In soliciting blog topics today, I was asked whether I have a mantra. I realized, I’m not even sure what a mantra is, in the true denotative sense. So I looked it up. Originally, it was a Hindu word or syllable, chanted as an invocation or prayer. In the vernacular in English, it is simply a word or phrase, often repeated, often as a truism. In the former sense, of course, I have no mantras that I use, though I suppose I did utter a few during my yoga practice which has fallen by the wayside during the clement weather. But I felt silly about it, and didn’t connect with any mantra in a meaningful way.
In the latter case, though, AA is full of mantras. Little aphorisms which help us focus on the right way to do things throughout the day. “Do the next right thing.” “First things first.” “Easy does it.” We have a lot of these that remind us how we need to think about our condition and our circumstances to avoid putting ourselves in a position where a drink seems like a good idea. Simple, straightforward, daily progress. In fact, one of my favorite of these mantras, which comes from chapter five in the book Alcoholics Anonymous, is, “Progress not perfection.” I will never be perfect. But I can take three steps forward for every two steps back.

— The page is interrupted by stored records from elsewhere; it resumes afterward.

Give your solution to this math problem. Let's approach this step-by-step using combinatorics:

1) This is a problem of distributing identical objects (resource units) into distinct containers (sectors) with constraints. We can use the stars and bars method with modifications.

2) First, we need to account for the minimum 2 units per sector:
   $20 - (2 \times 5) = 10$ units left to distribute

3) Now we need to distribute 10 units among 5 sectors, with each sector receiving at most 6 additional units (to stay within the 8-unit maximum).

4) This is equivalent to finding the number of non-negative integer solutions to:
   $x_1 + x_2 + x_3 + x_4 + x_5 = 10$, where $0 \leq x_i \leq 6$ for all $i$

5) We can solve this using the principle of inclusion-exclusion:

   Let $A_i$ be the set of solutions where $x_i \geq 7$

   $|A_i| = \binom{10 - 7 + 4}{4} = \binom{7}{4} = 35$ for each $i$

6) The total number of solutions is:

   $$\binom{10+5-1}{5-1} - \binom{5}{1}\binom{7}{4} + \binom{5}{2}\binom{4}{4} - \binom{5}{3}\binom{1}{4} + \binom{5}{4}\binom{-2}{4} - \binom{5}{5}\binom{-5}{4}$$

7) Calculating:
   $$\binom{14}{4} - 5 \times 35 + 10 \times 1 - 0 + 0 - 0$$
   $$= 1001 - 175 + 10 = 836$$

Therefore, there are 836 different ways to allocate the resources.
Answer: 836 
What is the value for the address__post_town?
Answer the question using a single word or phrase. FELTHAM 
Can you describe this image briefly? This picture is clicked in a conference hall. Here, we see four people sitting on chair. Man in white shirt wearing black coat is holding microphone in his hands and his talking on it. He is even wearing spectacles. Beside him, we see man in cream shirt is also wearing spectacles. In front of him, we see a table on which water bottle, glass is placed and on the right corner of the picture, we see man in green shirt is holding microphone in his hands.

One of my other favorites would probably be a little too long to qualify as a mantra, but I use it almost daily: “I got where I am by doing the things I didn’t want to do.” I have a really nice life right now. Sure, my future is uncertain. I wish I had one of those jobs that didn’t depend on luck. Where I could just show up, do my job, and be assured that I would have a job as long as I did it well. But I don’t. But in general, I have a great life. I do science. I do engineering. I have great colleagues. I have a home and a yard and a tiny parrot.
But I couldn’t have those things while I do what I want to do. Because what I want to do, naturally, is to drink every day, from about 2 hours after I get up until I pass out, which will generally by about 14 hours later. That’s not exactly conducive to living a good, useful, healthy, happy life. That’s what I mean when I say I was a suicide drunk. I drink in a way that precludes me from being able to do anything else.
And in general, left to my own devices, I’m lazy. I would rather watch TV than study. I’d rather read in the bathtub than sort through data. I’d rather sit on my sofa than go running. I’d rather drink than live. I keep a slow, quiet, anti-social, inebriated life when I do what I want to do, in the moment. So how did I get this wonderful life that I have? By doing the things that I didn’t want to do.
For a long time in my life, I was good at that. I studied in high school and college. I worked hard at after school jobs. I had a good work ethic for a long time. But after I started drinking, around the time I was 22, I became more complacent. It took several years for my drinking to become truly disruptive to my life. But once it did, it was extremely difficult for me to force myself to do anything productive.
So, the first thing I had to do, which I didn’t want to do, was stop drinking. Don’t get me wrong. I deeply wanted to stop drinking. But I did not want to stop drinking. I wanted to put alcohol into my body. I just didn’t want to suffer any of the consequences I suffer when I do that. Sadly, that’s not an option for me. If alcohol didn’t make me useless, indolent, sick, aggressive, isolating, anti-social, dangerous, self-righteous and indignant, I’d still drink. I like drinking. I like the effects produced by alcohol. Because I’m an alcoholic.
But I don’t have to suffer alcoholic misery. Because I know how to do the things I don’t want to do. And as time goes by, I find myself wanting them more and more. But I’m still lazy. And so I repeat to myself: “I got where I am by doing the things I didn’t want to do.” And that musters the energy to run in the 100 degree heat. Or step up for a session of madwriting. And I go forward. My grants go out. My papers get submitted. Life moves forward.